12. “Abortion is much more serious than killing an adult. An adult may or may not be an innocent, but an unborn child is most definitely innocent.” These are the words of an archbishop from Brazil. He was outraged at the abortion done on a nine-year-old girl, raped and impregnated by her stepfather. In response to the abortion, the church excommunicated the family of the girl and the doctors who performed the abortion.

Wow. Let’s leave this example of how religion makes you do crazy things and focus on the claim. First, a fetus is not a child. Second, the spectrum argument defeats this claim.

Variations on this argument are popular, and they all have pretty much the same response. Here are a few.

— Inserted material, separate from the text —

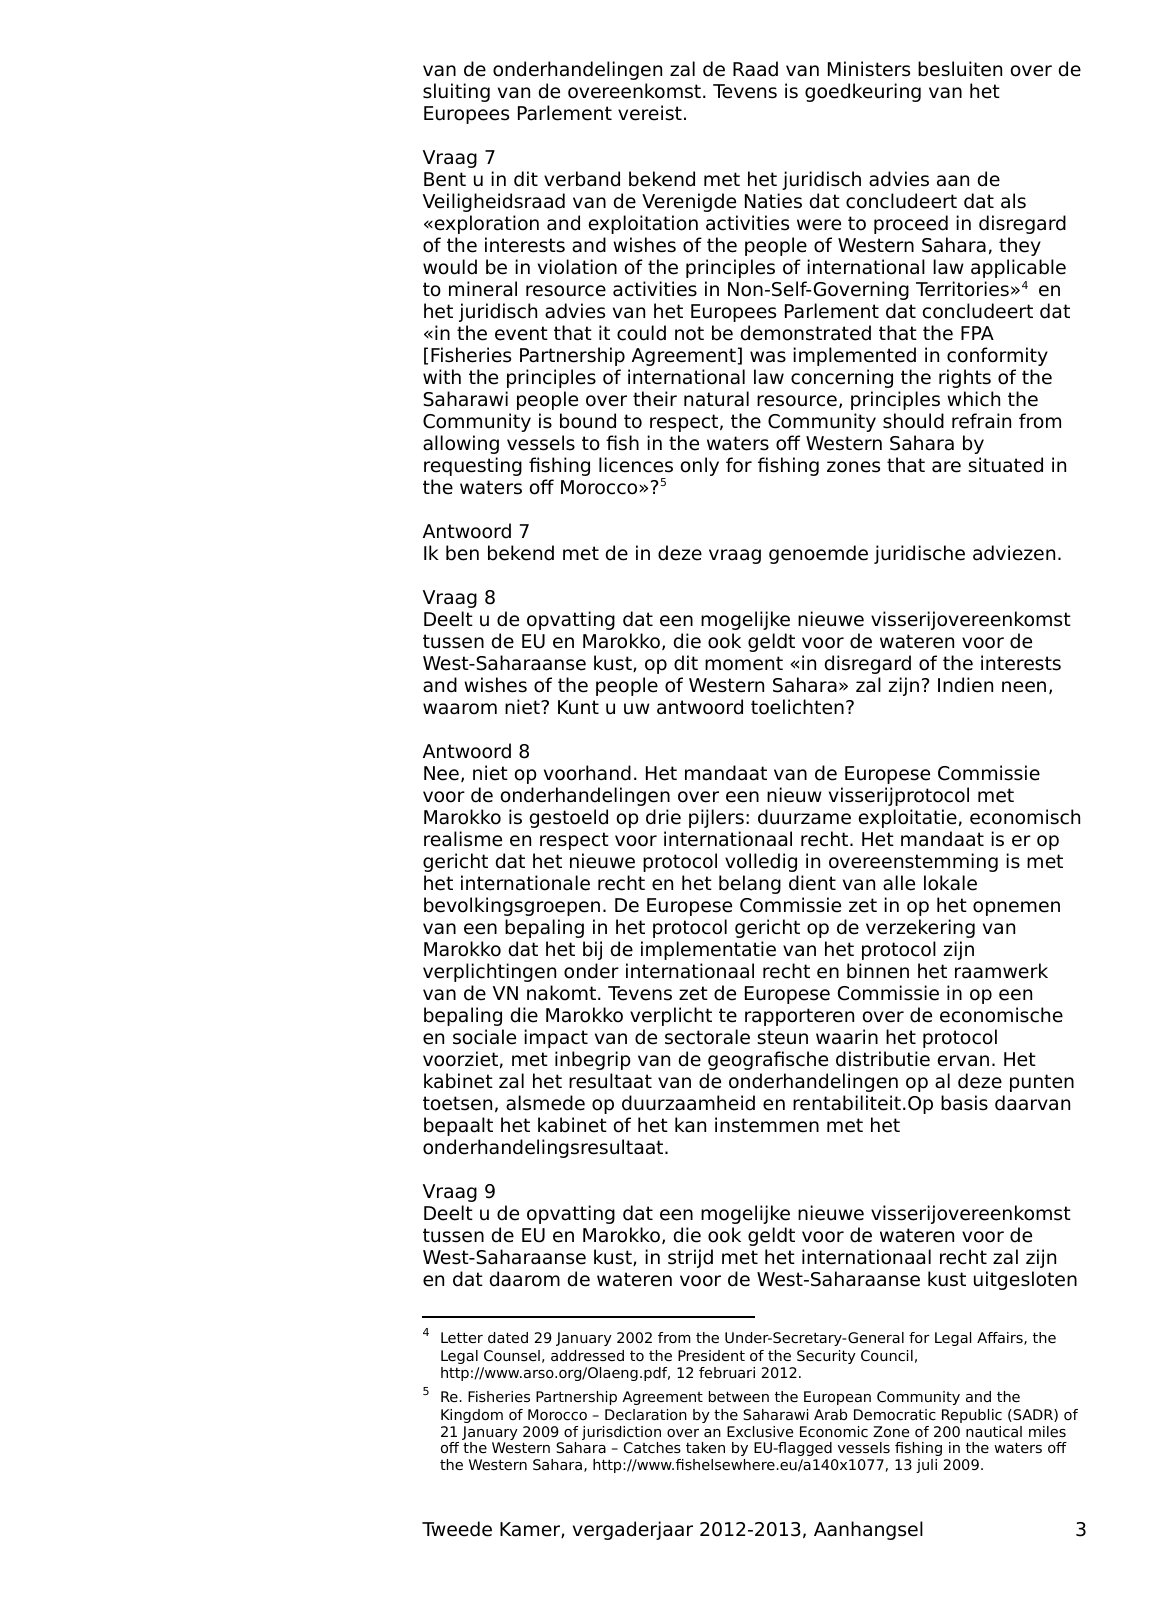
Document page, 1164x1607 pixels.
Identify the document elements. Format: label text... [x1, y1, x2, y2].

12a. Abortion kills a human life (at the bottom of Maslow’s hierarchy) to help with another human’s self-actualization (higher on the hierarchy). That’s the opposite of the way it’s supposed to work. The two “human lives” are not comparable. This ignores the spectrum of development from single cell to trillion-cell newborn.

Killing a blastocyst with fewer cells than the brain of the fly troubles me less than killing a civilian in another country due to war or killing a criminal on death row.

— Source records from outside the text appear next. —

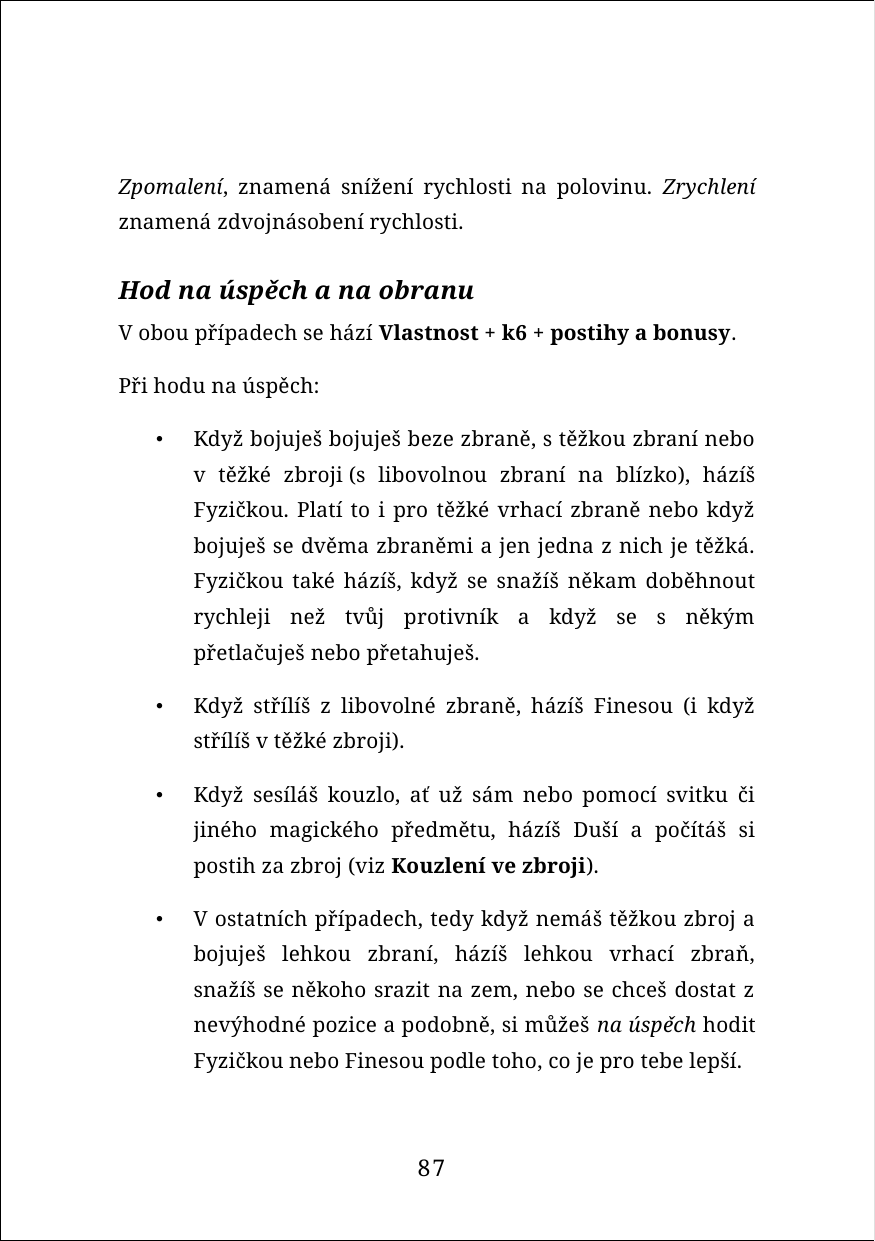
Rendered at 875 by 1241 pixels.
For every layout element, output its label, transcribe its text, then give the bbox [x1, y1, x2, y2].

text V obou případech se hází Vlastnost + k6 + postihy a bonusy. [118, 318, 756, 347]
text Při hodu na úspěch: [118, 371, 756, 400]
list Když bojuješ bojuješ beze zbraně, s těžkou zbraní nebo v těžké zbroji (s libovolnou zbraní na blízko), házíš Fyzičkou. Platí to i pro těžké vrhací zbraně nebo když bojuješ se dvěma zbraněmi a jen jedna z nich je těžká. Fyzičkou také házíš, když se snažíš někam doběhnout rychleji než tvůj protivník a když se s někým přetlačuješ nebo přetahuješ. [156, 424, 756, 666]
list Když sesíláš kouzlo, ať už sám nebo pomocí svitku či jiného magického předmětu, házíš Duší a počítáš si postih za zbroj (viz Kouzlení ve zbroji). [156, 780, 756, 879]
list V ostatních případech, tedy když nemáš těžkou zbroj a bojuješ lehkou zbraní, házíš lehkou vrhací zbraň, snažíš se někoho srazit na zem, nebo se chceš dostat z nevýhodné pozice a podobně, si můžeš na úspěch hodit Fyzičkou nebo Finesou podle toho, co je pro tebe lepší. [156, 904, 756, 1074]
text Zpomalení, znamená snížení rychlosti na polovinu. Zrychlení znamená zdvojnásobení rychlosti. [118, 172, 756, 236]
subtitle Hod na úspěch a na obranu [118, 272, 756, 306]
list Když střílíš z libovolné zbraně, házíš Finesou (i když střílíš v těžké zbroji). [156, 691, 756, 755]

12b. Don’t we normally go out of our way to defend the defenseless? Again, this ignores the spectrum. Defenseless people are more important than defenseless cells.

12c. Haven’t we been through this with racial minorities? Declaring that single cells aren’t human is like declaring that African-Americans aren’t human. Nice try. Spectrum argument.

12d. In response to your abortion clinic example: you argue that, if given a choice between saving a child and ten frozen embryos, you’d save the child. Okay, and if given the choice between your wife and a stranger, you’d save your wife, but that doesn’t mean that you can kill strangers. Spectrum argument.

13. Haven’t you heard of adoption? That’s the answer to an unplanned pregnancy. No, it’s clearly not the answer. Two percent of all births to unmarried women in the U.S. are placed for adoption. “Just have the baby and release it for adoption” is a pat on the head. It might make you feel good, but it doesn’t work.

14. You say that a trillion cells is definitely a person. Okay, how about a trillion minus one—is that a person? And if so, how about a trillion minus two? And so on. This same game could be played with the blue/green spectrum. If this color is “green,” what about just a touch more blue—isn’t that green as well? The point remains that the two ends of the spectrum are very different—green is not blue! Similarly, a single cell is not a newborn with arms, legs, kidneys, brain, and so on.

15. The woman who got pregnant knew what she was doing. Let’s encourage people to take responsibility for their actions. She didn’t necessarily know what she was doing—sex education is so poor that many teens become sexually mature without understanding what causes what.

But let’s assume that the woman knew what she was doing and was careless or stupid. What do we do with this? When someone shoots himself accidentally, that was stupid, but we all pay for the medical and insurance system that puts them back together. Let’s educate people, demand responsibility, and have a harm-reduction approach where we find the best resolution of problem. For a woman whose life would be overturned with a pregnancy, that resolution might be abortion.

16. If you’re so smart, where do you draw the line? I don’t. I find that pro-life advocates quickly turn the conversation to the definition of the OK/not-OK line for abortion, hoping to find something to criticize. I avoid this, both because it diverts attention from the spectrum argument—the main point I want to make—and because I have no opinion about the line and am happy to leave it up to the experts.

Barack Obama answered that question, “That’s above my pay grade,” which satisfies me, since he was running for Commander-in-chief, not Obstetrician-in-chief.